2. Time travel is no longer helping the story
When time travel was first introduced as a plot device on The Flash, it served a purpose. It was the catalyst for much of Season 1’s conflict, with Reverse Flash traveling back in time to kill Barry’s mother. In the finale, Barry travels back to stop him, but eventually chooses not to fundamentally alter the fabric of space and time. Season 2 sees him go back on this decision, and Season 3 shows us the consequences. The third season premiere then has him going back in time again to undo his mistakes in Season 2, before traveling back to his original timeline to find out that he’s still messed everything up.
It’s one thing to have a story centered around a single moment in time. It’s entirely another to watch as our hero mucks up time thanks to his own questionable decision-making. It’s why most of us spent the whole premiere hoping beyond hope that we wouldn’t be spending all of Season 3 in the new, altered timeline, and mercifully we won’t. Even so, it’s clear that Barry still hasn’t learned that changing the past is a supremely bad idea.
3. The Flash still has an Iris problem
Throughout two plus seasons of The Flash, the show’s writers haven’t yet figured out what to do with Iris West. As Barry’s de facto love interest, she’s functioned primarily as just “that girl who our hero is in love with,” with little else to do in the meantime. She started the series as a barista, was then given a job at a local newspaper despite zero previous experience, and soon after that found herself the last person to figure out that Barry was the Flash. Past that, a large swathe of her time on-screen nowadays is spent giving Barry a weekly pep talk about how he should believe in himself because she loves him. All of DC’s various superhero TV shows have struggled to properly write for their female characters, and Iris is the worst offender.
Season 3 managed only to continue The Flash‘s Iris problem. In the alternate timeline Barry creates, she functions once again as a love interest. Barry then re-alters the timeline to set things right, only to find that Iris isn’t even around anymore. When the solution to problematic writing for a character is to take them out of the equation entirely, you begin to see the cracks.
4. The Flash may very well have bitten off more than it can chew
The Flash‘s greatest strength also has been its greatest weakness in recent episodes: its comic source material. The comic book version of the Scarlet Speedster features some of the craziest storylines in the medium. That goes double for the 61-issue Flashpoint series, which served as the inspiration for Season 3. The basic story is monumentally difficult to adapt into a TV format, focusing on a collection of alternate timelines and realities, as well as multiple versions of iconic DC heroes. Converting Flashpoint into a single TV season is a tall order for anybody. Asking The CW to do just that could end up being too much for a series that’s already struggled to keep its narrative balanced and logical.
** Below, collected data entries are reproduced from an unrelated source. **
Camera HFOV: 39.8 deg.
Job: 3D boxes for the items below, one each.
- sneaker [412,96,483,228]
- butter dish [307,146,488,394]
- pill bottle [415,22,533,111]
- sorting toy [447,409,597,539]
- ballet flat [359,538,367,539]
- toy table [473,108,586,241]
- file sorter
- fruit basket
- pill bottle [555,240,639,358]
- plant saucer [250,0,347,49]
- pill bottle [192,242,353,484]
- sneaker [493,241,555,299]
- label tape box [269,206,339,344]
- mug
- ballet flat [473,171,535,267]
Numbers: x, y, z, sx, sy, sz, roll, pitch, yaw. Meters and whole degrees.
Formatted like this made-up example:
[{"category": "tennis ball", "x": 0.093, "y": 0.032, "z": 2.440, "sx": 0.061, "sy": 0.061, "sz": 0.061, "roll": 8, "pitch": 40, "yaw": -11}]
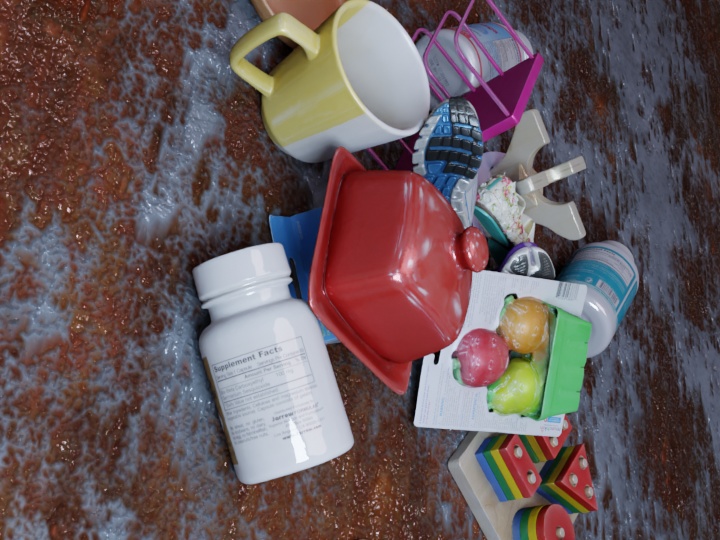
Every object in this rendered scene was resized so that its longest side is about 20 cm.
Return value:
[{"category": "sneaker", "x": 0.098, "y": -0.110, "z": 1.098, "sx": 0.087, "sy": 0.074, "sz": 0.201, "roll": -70, "pitch": 166, "yaw": -48}, {"category": "butter dish", "x": 0.056, "y": -0.009, "z": 0.980, "sx": 0.200, "sy": 0.147, "sz": 0.201, "roll": 47, "pitch": 41, "yaw": -43}, {"category": "pill bottle", "x": 0.159, "y": -0.283, "z": 1.370, "sx": 0.199, "sy": 0.108, "sz": 0.110, "roll": -25, "pitch": 93, "yaw": -51}, {"category": "sorting toy", "x": 0.219, "y": 0.260, "z": 1.235, "sx": 0.200, "sy": 0.069, "sz": 0.200, "roll": -41, "pitch": 106, "yaw": -50}, {"category": "ballet flat", "x": 0.018, "y": 0.358, "z": 0.955, "sx": 0.068, "sy": 0.072, "sz": 0.202, "roll": 33, "pitch": 51, "yaw": -36}, {"category": "toy table", "x": 0.224, "y": -0.114, "z": 1.367, "sx": 0.185, "sy": 0.116, "sz": 0.200, "roll": 61, "pitch": 39, "yaw": -11}, {"category": "file sorter", "x": 0.093, "y": -0.219, "z": 1.196, "sx": 0.126, "sy": 0.199, "sz": 0.140, "roll": 47, "pitch": 44, "yaw": -21}, {"category": "fruit basket", "x": 0.162, "y": 0.096, "z": 1.155, "sx": 0.198, "sy": 0.094, "sz": 0.188, "roll": 7, "pitch": 94, "yaw": -16}, {"category": "pill bottle", "x": 0.336, "y": 0.032, "z": 1.437, "sx": 0.111, "sy": 0.110, "sz": 0.200, "roll": 60, "pitch": 40, "yaw": -12}, {"category": "plant saucer", "x": -0.072, "y": -0.340, "z": 1.182, "sx": 0.199, "sy": 0.037, "sz": 0.202, "roll": 22, "pitch": 59, "yaw": -42}, {"category": "pill bottle", "x": -0.086, "y": 0.083, "z": 0.920, "sx": 0.114, "sy": 0.114, "sz": 0.202, "roll": -12, "pitch": 83, "yaw": -51}, {"category": "sneaker", "x": 0.187, "y": 0.019, "z": 1.249, "sx": 0.080, "sy": 0.201, "sz": 0.084, "roll": -11, "pitch": 61, "yaw": -8}, {"category": "label tape box", "x": 0.000, "y": 0.000, "z": 1.096, "sx": 0.199, "sy": 0.066, "sz": 0.145, "roll": -2, "pitch": 75, "yaw": -51}, {"category": "mug", "x": -0.039, "y": -0.203, "z": 1.069, "sx": 0.187, "sy": 0.152, "sz": 0.150, "roll": 53, "pitch": 42, "yaw": -19}, {"category": "ballet flat", "x": 0.192, "y": -0.055, "z": 1.263, "sx": 0.064, "sy": 0.075, "sz": 0.200, "roll": -51, "pitch": 150, "yaw": -9}]

5. The Flash‘s problems are a symptom of DC’s larger issues on TV right now
The more crowded DC’s superhero universe has gotten on The CW, the more problems we’ve seen it encounter. Legends of Tomorrow, while initially promising, was a massive slog by the time it moved into its latter episodes in Season 1. Supergirl will continue the relative overcrowding this season too, having officially moved over to The CW from CBS.
Greg Berlanti and company have too many balls in the air right now, and it’s showing in the subsequent seasons for each series. Arrow left its best episodes behind way back in its first and second seasons, something we’re seeing happen all over again with The Flash. More and more, it’s becoming clear that quantity doesn’t equal quality, even for a superhero saga as successful as this one.